If a class inherits from an ABC and does not implement all abstract methods, it too is abstract and cannot be instantiated. You must implement every @abstractmethod from the parent.

Summary

  • Inheritance creates a new class from an existing one using class Child(Parent) syntax. The child inherits all attributes and methods of the parent. This represents an IS-A relationship.
  • super() delegates method calls to the parent class. Use super().__init__() in the child's __init__ to initialize inherited attributes. Without it, the parent's initialization code does not run.
  • Method overriding replaces a parent's method by defining a method with the same name in the child class. The child's version is called instead of the parent's.
  • Multiple inheritance allows a class to inherit from several parents: class D(B, C). Python uses the C3 linearization algorithm to determine the Method Resolution Order (MRO).
  • The MRO defines the order in which Python searches for methods: check the class itself, then parents left to right, using C3 linearization. Inspect with ClassName.__mro__ or ClassName.mro().
  • isinstance(obj, Class) checks if obj is an instance of Class or its subclasses. issubclass(Child, Parent) checks if Child inherits from Parent. Both consider the full inheritance chain.
  • Polymorphism means the same method name produces different behavior depending on the object's type. It allows writing generic code that works with any subclass.

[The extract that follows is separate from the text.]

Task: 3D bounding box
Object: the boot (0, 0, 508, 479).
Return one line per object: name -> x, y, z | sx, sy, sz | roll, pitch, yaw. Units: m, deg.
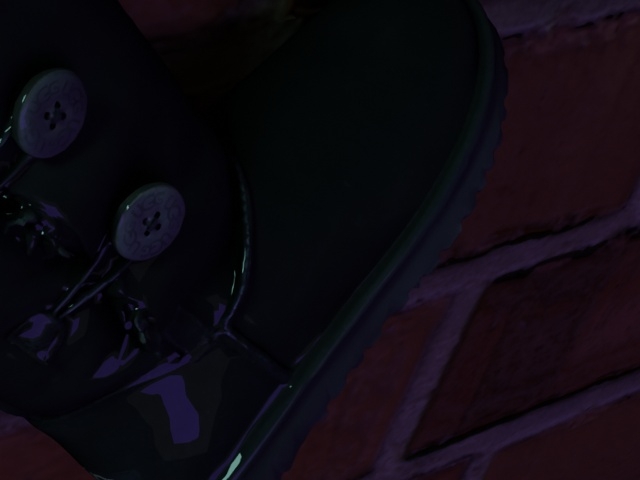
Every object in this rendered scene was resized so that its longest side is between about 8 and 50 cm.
boot -> -0.102, -0.096, 0.775 | 0.445, 0.146, 0.367 | 45, 65, -44
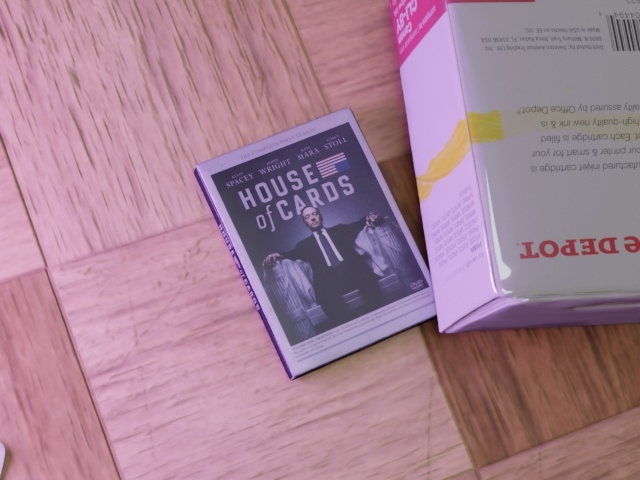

  • Duck typing: Python does not require inheritance for polymorphism. If an object has the required methods, it works. 'If it walks like a duck and quacks like a duck, it is a duck.'
  • Abstract Base Classes (from abc import ABC, abstractmethod) define interfaces that subclasses must implement. Abstract classes cannot be instantiated directly.
  • Mixins are small classes designed to be inherited alongside other classes, adding specific functionality (like serialization or logging) without being standalone classes.
  • Operator overloading uses special methods (__add__, __sub__, __mul__, __len__, __getitem__, __eq__, __lt__) to define how operators work with custom objects.